BRIEF
Return the following data exactly, with all pictures left out.

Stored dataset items
____
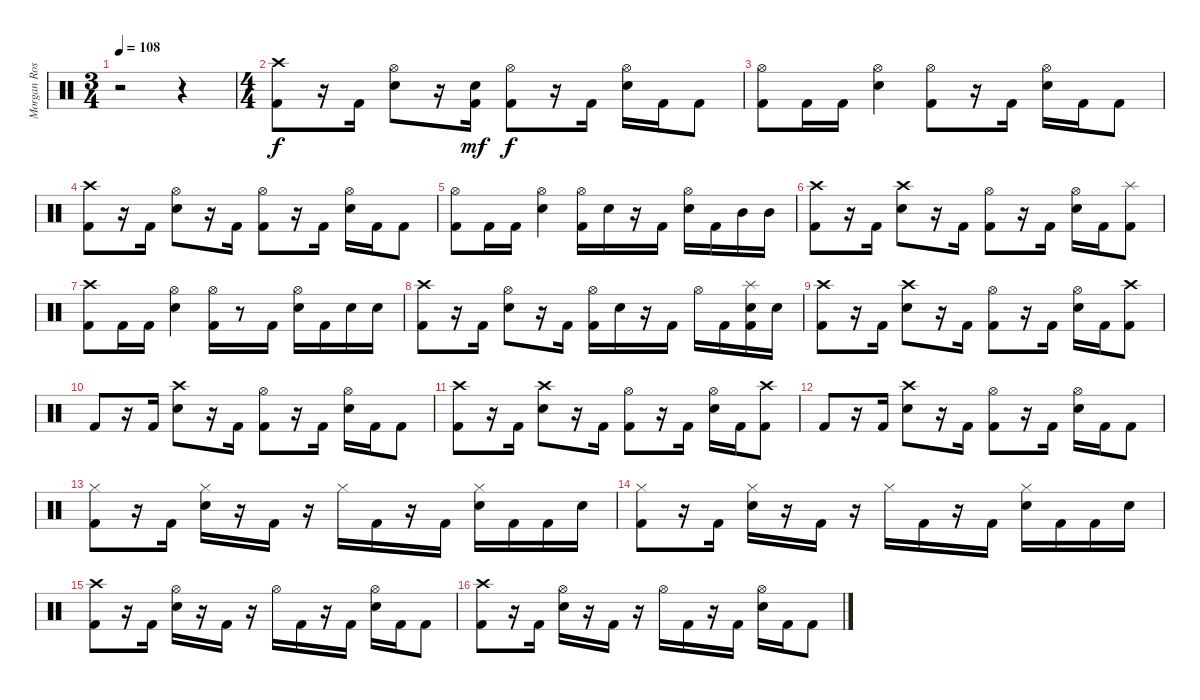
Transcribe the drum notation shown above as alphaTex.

\track ("Morgan Rose - Drums" "Morgan Ros") {instrument percussion}
\staff {score}
\articulation defaults
\ts (3 4)
\tempo 108
\clef neutral
\ks c
r.2{dy f} r.4 |
\ts (4 4)
("Crash high (hit)" "Kick (hit) 2").8 r.16 "Kick (hit) 2".16 ("Hi-Hat (open)" "Electric Snare (hit)").8 r.16 ("Electric Snare (hit)" "Kick (hit) 2").16{dy mf} ("Hi-Hat (open)" "Kick (hit) 2").8{dy f} r.16 "Kick (hit) 2".16 ("Hi-Hat (open)" "Electric Snare (hit)").16 "Kick (hit) 2".16 "Kick (hit) 2".8 |
("Hi-Hat (open)" "Kick (hit) 2").8 "Kick (hit) 2".16 "Kick (hit) 2".16 ("Hi-Hat (open)" "Electric Snare (hit)").4 ("Hi-Hat (open)" "Kick (hit) 2").8 r.16 "Kick (hit) 2".16 ("Hi-Hat (open)" "Electric Snare (hit)").16 "Kick (hit) 2".16 "Kick (hit) 2".8 |
("Crash high (hit)" "Kick (hit) 2").8 r.16 "Kick (hit) 2".16 ("Hi-Hat (open)" "Electric Snare (hit)").8 r.16 "Kick (hit) 2".16 ("Hi-Hat (open)" "Kick (hit) 2").8 r.16 "Kick (hit) 2".16 ("Hi-Hat (open)" "Electric Snare (hit)").16 "Kick (hit) 2".16 "Kick (hit) 2".8 |
("Hi-Hat (open)" "Kick (hit) 2").8 "Kick (hit) 2".16 "Kick (hit) 2".16 ("Hi-Hat (open)" "Electric Snare (hit)").4 ("Hi-Hat (open)" "Kick (hit) 2").16 "Electric Snare (hit)".16 r.16 "Kick (hit) 2".16 ("Hi-Hat (open)" "Electric Snare (hit)").16 "Kick (hit) 2".16 "Mid Tom (hit)".16 "Mid Tom (hit)".16 |
("Crash high (hit)" "Kick (hit) 2").8 r.16 "Kick (hit) 2".16 ("Crash high (hit)" "Electric Snare (hit)").8 r.16 "Kick (hit) 2".16 ("Hi-Hat (open)" "Kick (hit) 2").8 r.16 "Kick (hit) 2".16 ("Hi-Hat (open)" "Electric Snare (hit)").16 "Kick (hit) 2".16 ("Splash (hit)" "Kick (hit) 2").8 |
("Crash high (hit)" "Kick (hit) 2").8 "Kick (hit) 2".16 "Kick (hit) 2".16 ("Hi-Hat (open)" "Electric Snare (hit)").4 ("Hi-Hat (open)" "Kick (hit) 2").16 r.8 "Kick (hit) 2".16 ("Hi-Hat (open)" "Electric Snare (hit)").16 "Kick (hit) 2".16 "Electric Snare (hit)".16 "Electric Snare (hit)".16 |
("Crash high (hit)" "Kick (hit) 2").8 r.16 "Kick (hit) 2".16 ("Hi-Hat (open)" "Electric Snare (hit)").8 r.16 "Kick (hit) 2".16 ("Hi-Hat (open)" "Kick (hit) 2").16 "Electric Snare (hit)".16 r.16 "Kick (hit) 2".16 "Hi-Hat (open)".16 "Kick (hit) 2".16 ("Splash (hit)" "Electric Snare (hit)" "Kick (hit) 2").16 "Electric Snare (hit)".16 |
("Crash high (hit)" "Kick (hit) 2").8 r.16 "Kick (hit) 2".16 ("Crash high (hit)" "Electric Snare (hit)").8 r.16 "Kick (hit) 2".16 ("Hi-Hat (open)" "Kick (hit) 2").8 r.16 "Kick (hit) 2".16 ("Hi-Hat (open)" "Electric Snare (hit)").16 "Kick (hit) 2".16 ("Crash high (hit)" "Kick (hit) 2").8 |
"Kick (hit) 2".8 r.16 "Kick (hit) 2".16 ("Crash high (hit)" "Electric Snare (hit)").8 r.16 "Kick (hit) 2".16 ("Hi-Hat (open)" "Kick (hit) 2").8 r.16 "Kick (hit) 2".16 ("Hi-Hat (open)" "Electric Snare (hit)").16 "Kick (hit) 2".16 "Kick (hit) 2".8 |
("Crash high (hit)" "Kick (hit) 2").8 r.16 "Kick (hit) 2".16 ("Crash high (hit)" "Electric Snare (hit)").8 r.16 "Kick (hit) 2".16 ("Hi-Hat (open)" "Kick (hit) 2").8 r.16 "Kick (hit) 2".16 ("Hi-Hat (open)" "Electric Snare (hit)").16 "Kick (hit) 2".16 ("Crash high (hit)" "Kick (hit) 2").8 |
"Kick (hit) 2".8 r.16 "Kick (hit) 2".16 ("Crash high (hit)" "Electric Snare (hit)").8 r.16 "Kick (hit) 2".16 ("Hi-Hat (open)" "Kick (hit) 2").8 r.16 "Kick (hit) 2".16 ("Hi-Hat (open)" "Electric Snare (hit)").16 "Kick (hit) 2".16 "Kick (hit) 2".8 |
("Hi-Hat (closed)" "Kick (hit) 2").8 r.16 "Kick (hit) 2".16 ("Hi-Hat (closed)" "Electric Snare (hit)").16 r.16 "Kick (hit) 2".16 r.16 "Hi-Hat (closed)".16 "Kick (hit) 2".16 r.16 "Kick (hit) 2".16 ("Hi-Hat (closed)" "Electric Snare (hit)").16 "Kick (hit) 2".16 "Kick (hit) 2".16 "Electric Snare (hit)".16 |
("Hi-Hat (closed)" "Kick (hit) 2").8 r.16 "Kick (hit) 2".16 ("Hi-Hat (closed)" "Electric Snare (hit)").16 r.16 "Kick (hit) 2".16 r.16 "Hi-Hat (closed)".16 "Kick (hit) 2".16 r.16 "Kick (hit) 2".16 ("Hi-Hat (closed)" "Electric Snare (hit)").16 "Kick (hit) 2".16 "Kick (hit) 2".16 "Electric Snare (hit)".16 |
("Crash high (hit)" "Kick (hit) 2").8 r.16 "Kick (hit) 2".16 ("Hi-Hat (open)" "Electric Snare (hit)").16 r.16 "Kick (hit) 2".16 r.16 "Hi-Hat (open)".16 "Kick (hit) 2".16 r.16 "Kick (hit) 2".16 ("Hi-Hat (open)" "Electric Snare (hit)").16 "Kick (hit) 2".16 "Kick (hit) 2".8 |
("Crash high (hit)" "Kick (hit) 2").8 r.16 "Kick (hit) 2".16 ("Hi-Hat (open)" "Electric Snare (hit)").16 r.16 "Kick (hit) 2".16 r.16 "Hi-Hat (open)".16 "Kick (hit) 2".16 r.16 "Kick (hit) 2".16 ("Hi-Hat (open)" "Electric Snare (hit)").16 "Kick (hit) 2".16 "Kick (hit) 2".8
____
EXERCISE SOLUTION
Transcribe the drum notation shown above as alphaTex.

\track ("Morgan Rose - Drums" "Morgan Ros") {instrument percussion}
\staff {score}
\articulation defaults
\ts (3 4)
\tempo 108
\clef neutral
\ks c
r.2{dy f} r.4 |
\ts (4 4)
("Crash high (hit)" "Kick (hit) 2").8 r.16 "Kick (hit) 2".16 ("Hi-Hat (open)" "Electric Snare (hit)").8 r.16 ("Electric Snare (hit)" "Kick (hit) 2").16{dy mf} ("Hi-Hat (open)" "Kick (hit) 2").8{dy f} r.16 "Kick (hit) 2".16 ("Hi-Hat (open)" "Electric Snare (hit)").16 "Kick (hit) 2".16 "Kick (hit) 2".8 |
("Hi-Hat (open)" "Kick (hit) 2").8 "Kick (hit) 2".16 "Kick (hit) 2".16 ("Hi-Hat (open)" "Electric Snare (hit)").4 ("Hi-Hat (open)" "Kick (hit) 2").8 r.16 "Kick (hit) 2".16 ("Hi-Hat (open)" "Electric Snare (hit)").16 "Kick (hit) 2".16 "Kick (hit) 2".8 |
("Crash high (hit)" "Kick (hit) 2").8 r.16 "Kick (hit) 2".16 ("Hi-Hat (open)" "Electric Snare (hit)").8 r.16 "Kick (hit) 2".16 ("Hi-Hat (open)" "Kick (hit) 2").8 r.16 "Kick (hit) 2".16 ("Hi-Hat (open)" "Electric Snare (hit)").16 "Kick (hit) 2".16 "Kick (hit) 2".8 |
("Hi-Hat (open)" "Kick (hit) 2").8 "Kick (hit) 2".16 "Kick (hit) 2".16 ("Hi-Hat (open)" "Electric Snare (hit)").4 ("Hi-Hat (open)" "Kick (hit) 2").16 "Electric Snare (hit)".16 r.16 "Kick (hit) 2".16 ("Hi-Hat (open)" "Electric Snare (hit)").16 "Kick (hit) 2".16 "Mid Tom (hit)".16 "Mid Tom (hit)".16 |
("Crash high (hit)" "Kick (hit) 2").8 r.16 "Kick (hit) 2".16 ("Crash high (hit)" "Electric Snare (hit)").8 r.16 "Kick (hit) 2".16 ("Hi-Hat (open)" "Kick (hit) 2").8 r.16 "Kick (hit) 2".16 ("Hi-Hat (open)" "Electric Snare (hit)").16 "Kick (hit) 2".16 ("Splash (hit)" "Kick (hit) 2").8 |
("Crash high (hit)" "Kick (hit) 2").8 "Kick (hit) 2".16 "Kick (hit) 2".16 ("Hi-Hat (open)" "Electric Snare (hit)").4 ("Hi-Hat (open)" "Kick (hit) 2").16 r.8 "Kick (hit) 2".16 ("Hi-Hat (open)" "Electric Snare (hit)").16 "Kick (hit) 2".16 "Electric Snare (hit)".16 "Electric Snare (hit)".16 |
("Crash high (hit)" "Kick (hit) 2").8 r.16 "Kick (hit) 2".16 ("Hi-Hat (open)" "Electric Snare (hit)").8 r.16 "Kick (hit) 2".16 ("Hi-Hat (open)" "Kick (hit) 2").16 "Electric Snare (hit)".16 r.16 "Kick (hit) 2".16 "Hi-Hat (open)".16 "Kick (hit) 2".16 ("Splash (hit)" "Electric Snare (hit)" "Kick (hit) 2").16 "Electric Snare (hit)".16 |
("Crash high (hit)" "Kick (hit) 2").8 r.16 "Kick (hit) 2".16 ("Crash high (hit)" "Electric Snare (hit)").8 r.16 "Kick (hit) 2".16 ("Hi-Hat (open)" "Kick (hit) 2").8 r.16 "Kick (hit) 2".16 ("Hi-Hat (open)" "Electric Snare (hit)").16 "Kick (hit) 2".16 ("Crash high (hit)" "Kick (hit) 2").8 |
"Kick (hit) 2".8 r.16 "Kick (hit) 2".16 ("Crash high (hit)" "Electric Snare (hit)").8 r.16 "Kick (hit) 2".16 ("Hi-Hat (open)" "Kick (hit) 2").8 r.16 "Kick (hit) 2".16 ("Hi-Hat (open)" "Electric Snare (hit)").16 "Kick (hit) 2".16 "Kick (hit) 2".8 |
("Crash high (hit)" "Kick (hit) 2").8 r.16 "Kick (hit) 2".16 ("Crash high (hit)" "Electric Snare (hit)").8 r.16 "Kick (hit) 2".16 ("Hi-Hat (open)" "Kick (hit) 2").8 r.16 "Kick (hit) 2".16 ("Hi-Hat (open)" "Electric Snare (hit)").16 "Kick (hit) 2".16 ("Crash high (hit)" "Kick (hit) 2").8 |
"Kick (hit) 2".8 r.16 "Kick (hit) 2".16 ("Crash high (hit)" "Electric Snare (hit)").8 r.16 "Kick (hit) 2".16 ("Hi-Hat (open)" "Kick (hit) 2").8 r.16 "Kick (hit) 2".16 ("Hi-Hat (open)" "Electric Snare (hit)").16 "Kick (hit) 2".16 "Kick (hit) 2".8 |
("Hi-Hat (closed)" "Kick (hit) 2").8 r.16 "Kick (hit) 2".16 ("Hi-Hat (closed)" "Electric Snare (hit)").16 r.16 "Kick (hit) 2".16 r.16 "Hi-Hat (closed)".16 "Kick (hit) 2".16 r.16 "Kick (hit) 2".16 ("Hi-Hat (closed)" "Electric Snare (hit)").16 "Kick (hit) 2".16 "Kick (hit) 2".16 "Electric Snare (hit)".16 |
("Hi-Hat (closed)" "Kick (hit) 2").8 r.16 "Kick (hit) 2".16 ("Hi-Hat (closed)" "Electric Snare (hit)").16 r.16 "Kick (hit) 2".16 r.16 "Hi-Hat (closed)".16 "Kick (hit) 2".16 r.16 "Kick (hit) 2".16 ("Hi-Hat (closed)" "Electric Snare (hit)").16 "Kick (hit) 2".16 "Kick (hit) 2".16 "Electric Snare (hit)".16 |
("Crash high (hit)" "Kick (hit) 2").8 r.16 "Kick (hit) 2".16 ("Hi-Hat (open)" "Electric Snare (hit)").16 r.16 "Kick (hit) 2".16 r.16 "Hi-Hat (open)".16 "Kick (hit) 2".16 r.16 "Kick (hit) 2".16 ("Hi-Hat (open)" "Electric Snare (hit)").16 "Kick (hit) 2".16 "Kick (hit) 2".8 |
("Crash high (hit)" "Kick (hit) 2").8 r.16 "Kick (hit) 2".16 ("Hi-Hat (open)" "Electric Snare (hit)").16 r.16 "Kick (hit) 2".16 r.16 "Hi-Hat (open)".16 "Kick (hit) 2".16 r.16 "Kick (hit) 2".16 ("Hi-Hat (open)" "Electric Snare (hit)").16 "Kick (hit) 2".16 "Kick (hit) 2".8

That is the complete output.